[[ Excerpted data open ]]

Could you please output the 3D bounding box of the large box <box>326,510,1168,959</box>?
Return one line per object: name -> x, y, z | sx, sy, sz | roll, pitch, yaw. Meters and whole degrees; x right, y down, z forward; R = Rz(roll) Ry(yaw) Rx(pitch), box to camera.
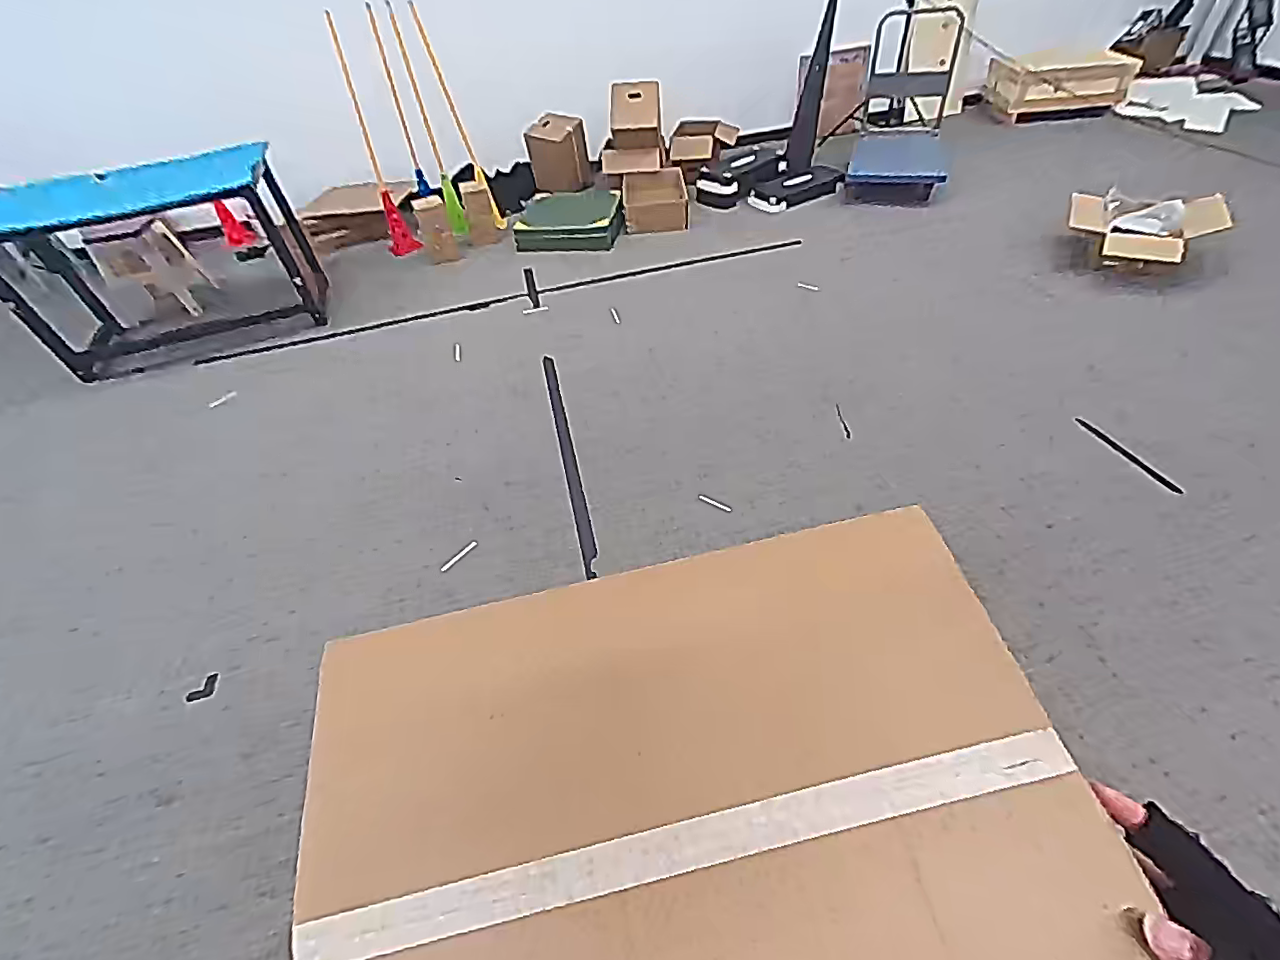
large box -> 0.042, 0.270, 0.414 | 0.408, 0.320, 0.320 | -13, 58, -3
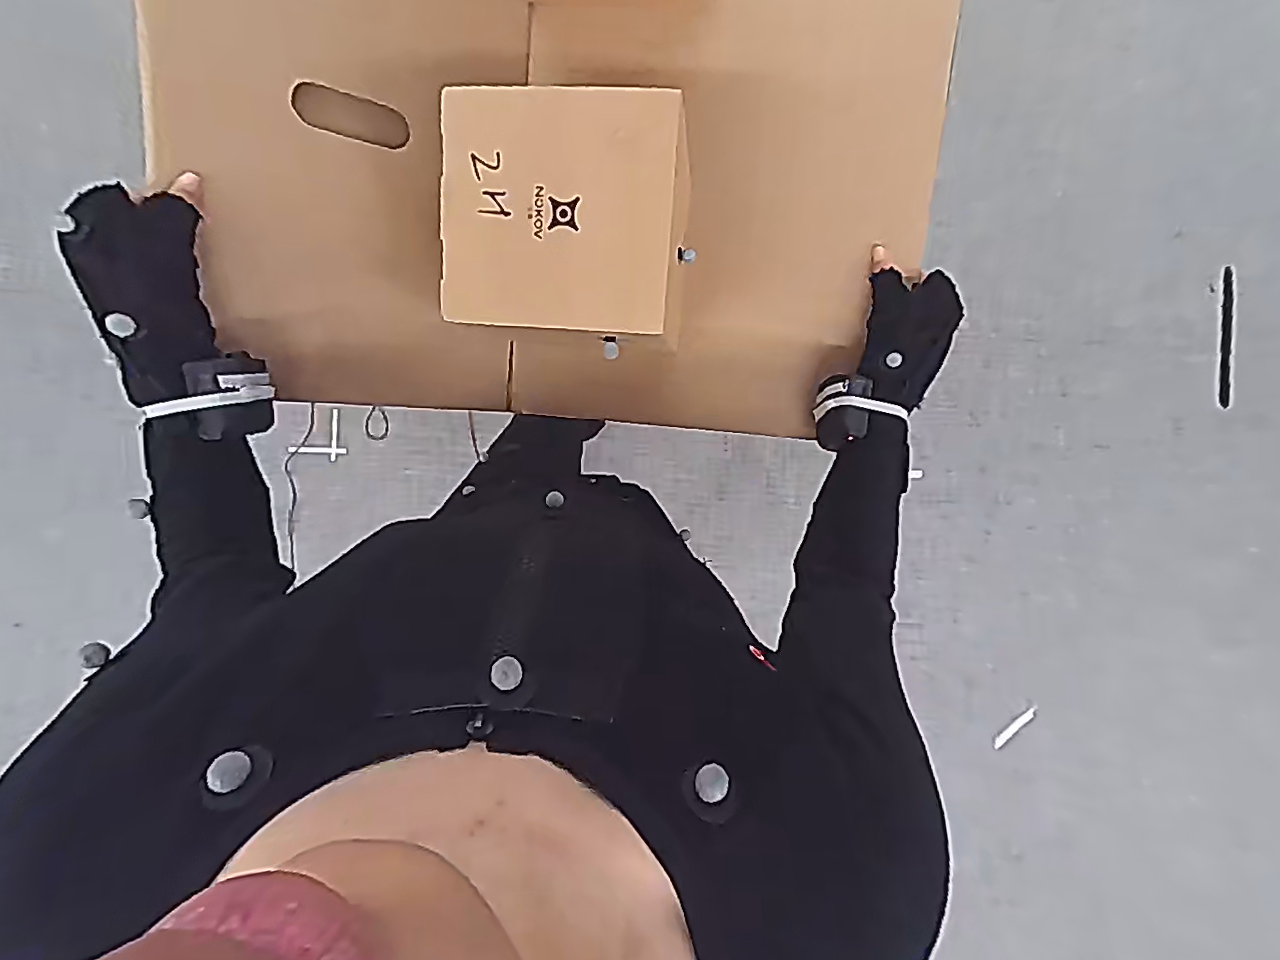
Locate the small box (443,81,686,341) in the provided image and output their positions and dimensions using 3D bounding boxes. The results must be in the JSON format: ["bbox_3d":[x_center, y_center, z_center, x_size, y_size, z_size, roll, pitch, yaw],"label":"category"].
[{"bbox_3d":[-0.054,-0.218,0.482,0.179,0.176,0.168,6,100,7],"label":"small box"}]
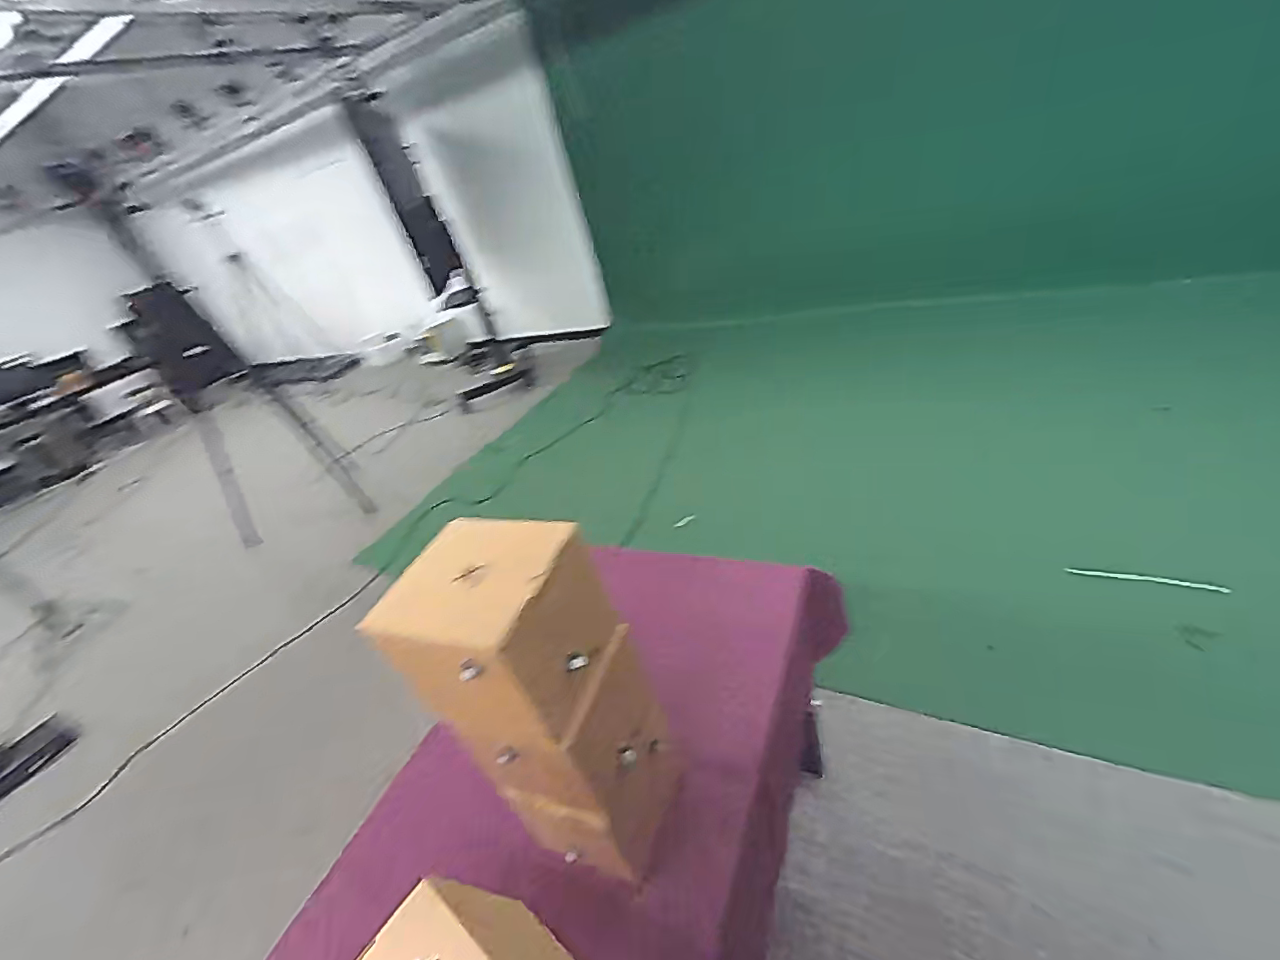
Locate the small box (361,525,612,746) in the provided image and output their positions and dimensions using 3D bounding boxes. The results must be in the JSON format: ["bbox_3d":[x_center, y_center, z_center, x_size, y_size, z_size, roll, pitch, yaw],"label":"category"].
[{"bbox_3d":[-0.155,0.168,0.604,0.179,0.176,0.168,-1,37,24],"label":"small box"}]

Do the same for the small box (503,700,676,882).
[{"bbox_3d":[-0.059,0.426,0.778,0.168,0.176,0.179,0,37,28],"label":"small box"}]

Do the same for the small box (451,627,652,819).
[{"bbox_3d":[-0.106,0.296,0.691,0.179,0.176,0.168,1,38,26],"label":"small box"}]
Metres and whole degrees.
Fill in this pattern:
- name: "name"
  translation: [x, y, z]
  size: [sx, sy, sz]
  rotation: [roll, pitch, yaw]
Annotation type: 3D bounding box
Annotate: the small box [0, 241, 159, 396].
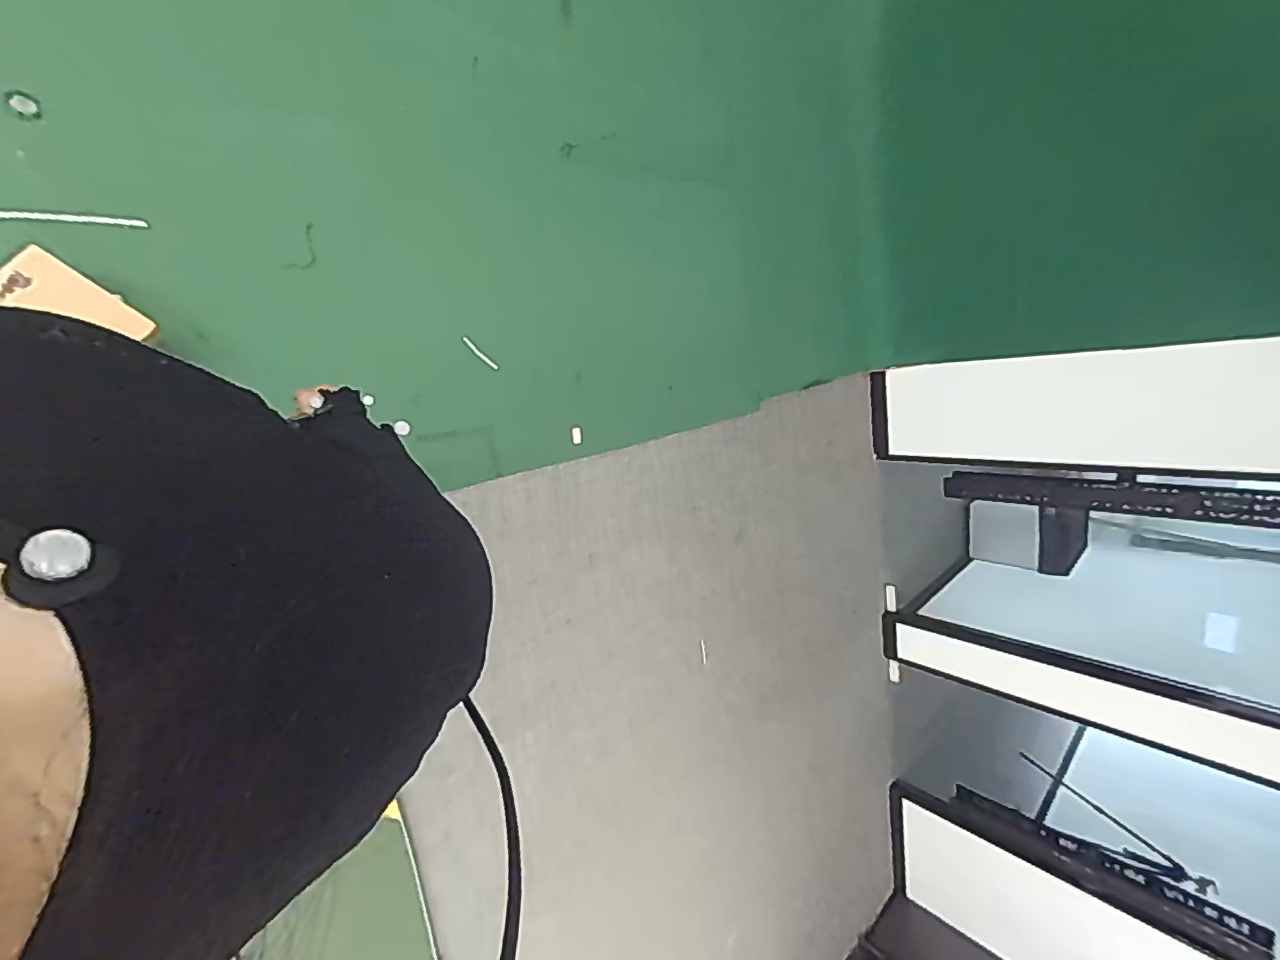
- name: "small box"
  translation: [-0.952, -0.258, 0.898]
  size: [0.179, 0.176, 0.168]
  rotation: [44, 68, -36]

[[ Excerpted data closed ]]

• To do:
Set down every entry above exactly as written. Leave out all pictures.

• Task response:
Could you please output the 3D bounding box of the large box <box>326,510,1168,959</box>?
Return one line per object: name -> x, y, z | sx, sy, sz | roll, pitch, yaw. Meters and whole degrees; x right, y down, z forward; R = Rz(roll) Ry(yaw) Rx(pitch), box to camera.
large box -> 0.042, 0.270, 0.414 | 0.408, 0.320, 0.320 | -13, 58, -3
Locate the small box (443,81,686,341) in the provided image and output their positions and dimensions using 3D bounding boxes. The results must be in the JSON format: ["bbox_3d":[x_center, y_center, z_center, x_size, y_size, z_size, roll, pitch, yaw],"label":"category"].
[{"bbox_3d":[-0.054,-0.218,0.482,0.179,0.176,0.168,6,100,7],"label":"small box"}]
Locate the small box (361,525,612,746) in the provided image and output their positions and dimensions using 3D bounding boxes. The results must be in the JSON format: ["bbox_3d":[x_center, y_center, z_center, x_size, y_size, z_size, roll, pitch, yaw],"label":"category"].
[{"bbox_3d":[-0.155,0.168,0.604,0.179,0.176,0.168,-1,37,24],"label":"small box"}]

Do the same for the small box (503,700,676,882).
[{"bbox_3d":[-0.059,0.426,0.778,0.168,0.176,0.179,0,37,28],"label":"small box"}]

Do the same for the small box (451,627,652,819).
[{"bbox_3d":[-0.106,0.296,0.691,0.179,0.176,0.168,1,38,26],"label":"small box"}]
Metres and whole degrees.
Fill in this pattern:
- name: "name"
  translation: [x, y, z]
  size: [sx, sy, sz]
  rotation: [roll, pitch, yaw]
Annotation type: 3D bounding box
Annotate: the small box [0, 241, 159, 396].
- name: "small box"
  translation: [-0.952, -0.258, 0.898]
  size: [0.179, 0.176, 0.168]
  rotation: [44, 68, -36]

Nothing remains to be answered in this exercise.